WNLI

State College, Pennsylvania; United States;
- Broadcast area: State College, Pennsylvania
- Frequency: 94.5 MHz
- Branding: Air1

Programming
- Format: Contemporary worship

Ownership
- Owner: Educational Media Foundation
- Sister stations: WKPA

History
- First air date: October 23, 1991 (as WGGY)
- Former call signs: WGGY (1991–1992); WFGI (1992–2001); WLTS (2001–2006); WSMO (2006); WBHV-FM (2006–2023);

Technical information
- Licensing authority: FCC
- Facility ID: 38271
- Class: A
- ERP: 1,900 watts
- HAAT: 179 meters (587 ft)
- Transmitter coordinates: 40°54′04″N 77°50′20″W﻿ / ﻿40.90111°N 77.83889°W

Links
- Public license information: Public file; LMS;
- Webcast: Listen Live
- Website: www.air1.com

= WNLI (FM) =

WNLI (94.5 MHz) is a radio station licensed to serve State College, Pennsylvania. The station is owned by Educational Media Foundation.

==History==

===Early years===
WNLI's history broadcasting to State College on the 94.5 FM frequency includes operating under the call signs WGGY (1991–1992), WFGI (1992–2001), adult contemporary WLTS (2001–2006), and WSMO (February–August 2006). The call sign was officially changed to WBHV-FM on August 29, 2006.

===WNLI===
On December 30, 2022, it was announced that the station's top 40/CHR format would move to WRSC (1390 AM) as "Pop Radio" within days.
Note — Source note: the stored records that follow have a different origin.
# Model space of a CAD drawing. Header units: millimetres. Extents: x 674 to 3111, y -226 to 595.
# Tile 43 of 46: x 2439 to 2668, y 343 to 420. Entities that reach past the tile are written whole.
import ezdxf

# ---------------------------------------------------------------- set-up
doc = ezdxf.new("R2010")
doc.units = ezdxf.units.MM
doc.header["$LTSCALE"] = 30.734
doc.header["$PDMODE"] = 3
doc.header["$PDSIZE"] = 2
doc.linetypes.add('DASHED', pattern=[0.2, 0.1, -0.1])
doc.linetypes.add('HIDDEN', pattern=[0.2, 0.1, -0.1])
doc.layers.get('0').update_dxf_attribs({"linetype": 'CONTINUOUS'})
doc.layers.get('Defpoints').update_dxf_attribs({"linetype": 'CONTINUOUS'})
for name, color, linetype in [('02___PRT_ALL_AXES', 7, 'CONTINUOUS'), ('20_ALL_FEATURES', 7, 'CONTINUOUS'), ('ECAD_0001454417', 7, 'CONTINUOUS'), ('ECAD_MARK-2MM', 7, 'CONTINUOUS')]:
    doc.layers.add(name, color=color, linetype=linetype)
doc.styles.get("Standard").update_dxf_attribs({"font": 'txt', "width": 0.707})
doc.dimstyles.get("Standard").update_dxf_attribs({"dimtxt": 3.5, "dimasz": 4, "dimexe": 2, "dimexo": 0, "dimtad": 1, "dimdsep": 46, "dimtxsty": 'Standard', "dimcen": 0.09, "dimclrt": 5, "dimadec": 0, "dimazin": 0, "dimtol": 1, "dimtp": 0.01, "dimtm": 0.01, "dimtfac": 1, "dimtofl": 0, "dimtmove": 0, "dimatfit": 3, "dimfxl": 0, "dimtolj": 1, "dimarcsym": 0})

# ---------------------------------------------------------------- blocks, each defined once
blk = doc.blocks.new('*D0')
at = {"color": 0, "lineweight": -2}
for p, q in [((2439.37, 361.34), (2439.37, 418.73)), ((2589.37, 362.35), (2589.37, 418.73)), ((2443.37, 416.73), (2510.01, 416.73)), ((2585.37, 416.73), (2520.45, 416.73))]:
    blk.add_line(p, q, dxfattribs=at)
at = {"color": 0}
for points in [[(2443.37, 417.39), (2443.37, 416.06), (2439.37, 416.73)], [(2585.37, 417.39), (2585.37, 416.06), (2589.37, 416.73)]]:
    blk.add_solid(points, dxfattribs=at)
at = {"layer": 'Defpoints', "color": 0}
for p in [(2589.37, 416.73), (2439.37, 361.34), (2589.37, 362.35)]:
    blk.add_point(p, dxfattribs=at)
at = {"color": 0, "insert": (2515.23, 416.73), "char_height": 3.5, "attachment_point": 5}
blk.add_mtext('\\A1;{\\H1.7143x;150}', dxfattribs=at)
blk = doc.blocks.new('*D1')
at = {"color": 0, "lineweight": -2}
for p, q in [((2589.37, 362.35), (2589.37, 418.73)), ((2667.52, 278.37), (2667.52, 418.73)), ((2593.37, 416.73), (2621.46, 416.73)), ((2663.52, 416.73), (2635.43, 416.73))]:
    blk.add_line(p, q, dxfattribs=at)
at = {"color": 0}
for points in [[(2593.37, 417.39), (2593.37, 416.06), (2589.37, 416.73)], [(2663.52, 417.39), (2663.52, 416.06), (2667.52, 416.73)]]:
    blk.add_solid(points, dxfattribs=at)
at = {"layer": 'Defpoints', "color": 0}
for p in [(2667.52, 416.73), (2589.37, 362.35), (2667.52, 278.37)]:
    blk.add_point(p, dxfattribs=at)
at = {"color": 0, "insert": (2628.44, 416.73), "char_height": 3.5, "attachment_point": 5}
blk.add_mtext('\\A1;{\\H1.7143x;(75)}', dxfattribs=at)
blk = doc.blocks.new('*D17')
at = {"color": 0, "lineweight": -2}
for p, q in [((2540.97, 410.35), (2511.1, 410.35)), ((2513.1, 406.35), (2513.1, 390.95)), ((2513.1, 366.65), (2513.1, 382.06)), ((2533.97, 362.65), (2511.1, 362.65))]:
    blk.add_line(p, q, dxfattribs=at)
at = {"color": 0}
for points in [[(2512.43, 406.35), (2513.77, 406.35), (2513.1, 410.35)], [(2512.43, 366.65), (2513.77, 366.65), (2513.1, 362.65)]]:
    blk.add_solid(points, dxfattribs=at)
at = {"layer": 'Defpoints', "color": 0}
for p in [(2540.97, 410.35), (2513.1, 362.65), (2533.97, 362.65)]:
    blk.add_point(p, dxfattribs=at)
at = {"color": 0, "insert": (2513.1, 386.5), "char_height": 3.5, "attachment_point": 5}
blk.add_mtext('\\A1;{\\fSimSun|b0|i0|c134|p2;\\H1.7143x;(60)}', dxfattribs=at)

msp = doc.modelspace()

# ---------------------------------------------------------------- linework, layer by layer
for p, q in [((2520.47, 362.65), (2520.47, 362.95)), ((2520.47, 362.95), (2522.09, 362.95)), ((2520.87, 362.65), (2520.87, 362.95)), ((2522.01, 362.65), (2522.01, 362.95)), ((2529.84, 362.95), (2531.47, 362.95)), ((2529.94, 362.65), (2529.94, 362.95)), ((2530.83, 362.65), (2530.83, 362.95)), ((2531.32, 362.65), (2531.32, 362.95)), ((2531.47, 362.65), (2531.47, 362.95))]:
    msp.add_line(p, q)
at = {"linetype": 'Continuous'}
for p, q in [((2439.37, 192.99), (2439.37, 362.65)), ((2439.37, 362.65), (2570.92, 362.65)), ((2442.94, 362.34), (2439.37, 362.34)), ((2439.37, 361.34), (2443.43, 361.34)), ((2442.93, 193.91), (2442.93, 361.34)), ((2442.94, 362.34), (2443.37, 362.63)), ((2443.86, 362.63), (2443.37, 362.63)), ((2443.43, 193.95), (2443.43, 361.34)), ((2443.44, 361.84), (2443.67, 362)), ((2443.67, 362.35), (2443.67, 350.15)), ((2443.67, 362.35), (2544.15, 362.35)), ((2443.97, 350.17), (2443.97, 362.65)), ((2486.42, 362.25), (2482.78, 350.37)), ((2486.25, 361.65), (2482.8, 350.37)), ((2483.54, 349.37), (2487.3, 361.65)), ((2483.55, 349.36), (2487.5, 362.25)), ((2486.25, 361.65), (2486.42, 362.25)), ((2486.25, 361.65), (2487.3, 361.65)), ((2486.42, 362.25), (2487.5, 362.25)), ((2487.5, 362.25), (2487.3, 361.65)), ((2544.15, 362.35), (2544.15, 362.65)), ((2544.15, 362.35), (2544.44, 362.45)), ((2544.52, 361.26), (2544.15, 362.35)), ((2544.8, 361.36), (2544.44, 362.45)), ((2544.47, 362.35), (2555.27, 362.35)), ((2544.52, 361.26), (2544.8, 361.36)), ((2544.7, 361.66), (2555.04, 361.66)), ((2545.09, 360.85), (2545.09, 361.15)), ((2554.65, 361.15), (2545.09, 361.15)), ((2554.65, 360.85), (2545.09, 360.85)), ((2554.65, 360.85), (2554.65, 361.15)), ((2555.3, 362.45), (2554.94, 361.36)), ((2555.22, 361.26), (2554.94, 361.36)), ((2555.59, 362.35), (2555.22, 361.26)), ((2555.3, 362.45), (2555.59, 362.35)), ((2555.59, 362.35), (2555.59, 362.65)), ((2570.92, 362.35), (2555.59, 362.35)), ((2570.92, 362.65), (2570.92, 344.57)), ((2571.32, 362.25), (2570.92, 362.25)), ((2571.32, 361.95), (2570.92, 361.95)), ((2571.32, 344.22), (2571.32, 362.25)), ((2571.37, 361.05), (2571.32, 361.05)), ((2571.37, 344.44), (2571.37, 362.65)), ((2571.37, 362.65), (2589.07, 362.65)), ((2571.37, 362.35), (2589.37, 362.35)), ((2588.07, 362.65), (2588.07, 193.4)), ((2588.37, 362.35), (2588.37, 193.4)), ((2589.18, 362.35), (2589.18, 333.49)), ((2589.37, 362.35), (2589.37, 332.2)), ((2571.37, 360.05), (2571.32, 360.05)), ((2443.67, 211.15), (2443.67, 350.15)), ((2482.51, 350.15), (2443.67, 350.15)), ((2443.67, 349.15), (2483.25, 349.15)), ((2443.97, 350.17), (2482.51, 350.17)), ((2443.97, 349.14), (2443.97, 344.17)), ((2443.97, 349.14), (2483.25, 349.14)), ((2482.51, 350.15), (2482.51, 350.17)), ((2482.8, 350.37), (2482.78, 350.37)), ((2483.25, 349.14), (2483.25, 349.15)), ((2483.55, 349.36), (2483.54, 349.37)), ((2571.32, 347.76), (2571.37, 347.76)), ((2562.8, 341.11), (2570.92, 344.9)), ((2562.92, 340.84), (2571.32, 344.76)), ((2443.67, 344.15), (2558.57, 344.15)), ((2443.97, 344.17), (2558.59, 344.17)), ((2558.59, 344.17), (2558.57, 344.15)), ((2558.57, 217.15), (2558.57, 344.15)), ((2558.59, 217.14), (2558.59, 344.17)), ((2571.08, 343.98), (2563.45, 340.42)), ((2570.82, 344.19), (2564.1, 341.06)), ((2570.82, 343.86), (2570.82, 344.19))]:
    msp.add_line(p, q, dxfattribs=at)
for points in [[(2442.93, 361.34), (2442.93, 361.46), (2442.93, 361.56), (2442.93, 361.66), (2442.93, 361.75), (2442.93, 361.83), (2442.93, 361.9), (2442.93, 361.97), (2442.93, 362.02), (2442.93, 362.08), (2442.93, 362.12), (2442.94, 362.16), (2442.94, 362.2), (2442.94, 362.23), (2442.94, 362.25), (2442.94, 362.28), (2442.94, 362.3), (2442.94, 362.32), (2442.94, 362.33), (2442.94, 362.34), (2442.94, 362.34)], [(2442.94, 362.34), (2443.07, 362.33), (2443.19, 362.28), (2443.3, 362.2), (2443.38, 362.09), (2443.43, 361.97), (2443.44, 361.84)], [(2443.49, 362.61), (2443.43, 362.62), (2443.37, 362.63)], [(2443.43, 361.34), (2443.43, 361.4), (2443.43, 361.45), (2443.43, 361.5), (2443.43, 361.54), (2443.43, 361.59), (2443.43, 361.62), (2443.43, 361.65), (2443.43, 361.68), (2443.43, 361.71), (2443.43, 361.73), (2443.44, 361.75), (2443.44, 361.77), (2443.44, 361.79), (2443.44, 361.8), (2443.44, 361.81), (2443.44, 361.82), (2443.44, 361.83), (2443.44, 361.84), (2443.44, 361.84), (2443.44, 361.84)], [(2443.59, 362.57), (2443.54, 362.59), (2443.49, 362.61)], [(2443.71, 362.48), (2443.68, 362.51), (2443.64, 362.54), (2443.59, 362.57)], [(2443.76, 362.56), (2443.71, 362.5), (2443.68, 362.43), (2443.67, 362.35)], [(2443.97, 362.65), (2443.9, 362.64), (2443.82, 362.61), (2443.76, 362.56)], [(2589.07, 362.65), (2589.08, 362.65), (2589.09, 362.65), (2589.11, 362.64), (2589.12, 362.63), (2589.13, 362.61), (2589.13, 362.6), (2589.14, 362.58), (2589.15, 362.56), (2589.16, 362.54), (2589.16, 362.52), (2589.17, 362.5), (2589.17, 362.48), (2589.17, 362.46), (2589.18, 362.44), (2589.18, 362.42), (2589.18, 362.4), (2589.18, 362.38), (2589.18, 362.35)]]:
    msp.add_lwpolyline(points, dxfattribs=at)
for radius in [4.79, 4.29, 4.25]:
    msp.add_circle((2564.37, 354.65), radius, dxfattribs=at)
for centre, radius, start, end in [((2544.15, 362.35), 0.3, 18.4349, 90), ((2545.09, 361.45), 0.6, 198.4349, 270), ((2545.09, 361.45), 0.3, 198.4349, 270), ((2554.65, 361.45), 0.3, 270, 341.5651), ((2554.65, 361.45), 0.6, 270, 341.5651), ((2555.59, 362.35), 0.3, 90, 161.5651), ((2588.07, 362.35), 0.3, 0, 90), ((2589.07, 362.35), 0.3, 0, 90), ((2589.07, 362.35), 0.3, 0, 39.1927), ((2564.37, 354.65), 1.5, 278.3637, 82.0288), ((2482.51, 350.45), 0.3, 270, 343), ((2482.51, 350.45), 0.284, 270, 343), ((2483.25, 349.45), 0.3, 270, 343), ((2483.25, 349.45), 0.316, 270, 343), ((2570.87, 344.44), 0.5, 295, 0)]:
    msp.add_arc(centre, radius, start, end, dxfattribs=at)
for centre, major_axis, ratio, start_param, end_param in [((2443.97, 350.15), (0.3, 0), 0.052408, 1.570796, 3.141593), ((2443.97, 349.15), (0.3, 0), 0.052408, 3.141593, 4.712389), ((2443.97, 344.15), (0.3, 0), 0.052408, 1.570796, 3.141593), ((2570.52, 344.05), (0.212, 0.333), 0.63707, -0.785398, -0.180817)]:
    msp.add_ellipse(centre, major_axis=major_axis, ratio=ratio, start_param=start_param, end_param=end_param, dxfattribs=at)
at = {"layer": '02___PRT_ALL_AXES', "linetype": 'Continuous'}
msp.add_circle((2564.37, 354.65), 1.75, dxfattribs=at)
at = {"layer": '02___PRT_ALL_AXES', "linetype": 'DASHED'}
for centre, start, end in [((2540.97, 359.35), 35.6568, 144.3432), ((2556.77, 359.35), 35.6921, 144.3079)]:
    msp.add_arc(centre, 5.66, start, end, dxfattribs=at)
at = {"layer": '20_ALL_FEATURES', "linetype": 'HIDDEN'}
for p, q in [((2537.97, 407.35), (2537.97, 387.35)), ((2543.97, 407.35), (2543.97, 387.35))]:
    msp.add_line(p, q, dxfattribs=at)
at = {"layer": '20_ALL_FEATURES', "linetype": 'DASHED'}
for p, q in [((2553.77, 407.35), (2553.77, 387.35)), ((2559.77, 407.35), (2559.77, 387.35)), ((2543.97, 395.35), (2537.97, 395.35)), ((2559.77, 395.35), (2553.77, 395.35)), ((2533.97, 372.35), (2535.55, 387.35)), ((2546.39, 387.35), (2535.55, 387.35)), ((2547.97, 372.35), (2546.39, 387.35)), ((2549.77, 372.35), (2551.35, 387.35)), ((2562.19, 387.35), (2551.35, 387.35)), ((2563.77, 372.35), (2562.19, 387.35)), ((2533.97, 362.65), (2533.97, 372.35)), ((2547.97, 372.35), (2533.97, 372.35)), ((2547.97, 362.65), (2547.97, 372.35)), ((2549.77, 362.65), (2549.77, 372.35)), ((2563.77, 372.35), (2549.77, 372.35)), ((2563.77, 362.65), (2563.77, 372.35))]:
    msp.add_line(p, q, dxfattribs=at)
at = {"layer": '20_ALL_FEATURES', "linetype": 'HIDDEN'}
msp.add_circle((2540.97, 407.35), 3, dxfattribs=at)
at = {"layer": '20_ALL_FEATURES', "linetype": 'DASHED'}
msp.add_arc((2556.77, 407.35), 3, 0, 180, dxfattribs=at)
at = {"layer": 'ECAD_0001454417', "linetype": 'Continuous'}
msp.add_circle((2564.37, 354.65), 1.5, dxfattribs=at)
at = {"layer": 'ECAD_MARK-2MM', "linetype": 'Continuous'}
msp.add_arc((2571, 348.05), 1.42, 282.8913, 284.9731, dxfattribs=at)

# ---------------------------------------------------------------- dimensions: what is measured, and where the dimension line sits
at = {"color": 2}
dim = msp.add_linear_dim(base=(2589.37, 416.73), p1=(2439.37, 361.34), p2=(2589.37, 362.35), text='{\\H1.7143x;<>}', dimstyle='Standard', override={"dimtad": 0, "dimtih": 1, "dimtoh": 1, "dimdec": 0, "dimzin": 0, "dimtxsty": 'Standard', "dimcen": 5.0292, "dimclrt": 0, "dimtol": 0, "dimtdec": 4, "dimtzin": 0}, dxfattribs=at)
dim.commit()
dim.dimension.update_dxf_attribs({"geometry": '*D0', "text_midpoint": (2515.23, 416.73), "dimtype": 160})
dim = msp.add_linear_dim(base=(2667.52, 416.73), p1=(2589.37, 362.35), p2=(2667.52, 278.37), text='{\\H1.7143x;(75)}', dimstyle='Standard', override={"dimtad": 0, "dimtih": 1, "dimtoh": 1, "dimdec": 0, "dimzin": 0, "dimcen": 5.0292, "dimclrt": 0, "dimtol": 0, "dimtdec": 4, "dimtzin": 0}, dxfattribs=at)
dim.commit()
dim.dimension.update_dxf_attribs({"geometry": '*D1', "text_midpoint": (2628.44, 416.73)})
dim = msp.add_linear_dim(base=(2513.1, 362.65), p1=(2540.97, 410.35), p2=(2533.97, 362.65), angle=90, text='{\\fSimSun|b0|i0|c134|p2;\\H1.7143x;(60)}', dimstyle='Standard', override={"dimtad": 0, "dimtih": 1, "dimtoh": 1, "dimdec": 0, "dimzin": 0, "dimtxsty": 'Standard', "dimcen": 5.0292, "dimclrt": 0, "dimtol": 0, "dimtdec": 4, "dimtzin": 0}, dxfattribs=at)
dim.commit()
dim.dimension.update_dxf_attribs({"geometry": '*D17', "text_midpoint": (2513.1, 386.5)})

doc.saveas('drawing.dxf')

On January 3, 2023, WBHV-FM dropped its top 40/CHR format and began stunting. The call sign was changed to WNLI on March 26, 2023. After taking the station silent that June following the loss of its programming source, JFLIV agreed to sell WNLI to the Educational Media Foundation (EMF) in September 2023 as part of a $200,000 deal that also saw EMF transfer translator station W296CD (107.1 FM) in Jonestown to JFLIV. EMF already owned K-Love station WKPA (107.9 FM) in the State College area, and as such, the station is expected to change to their Air 1 network upon sale closure.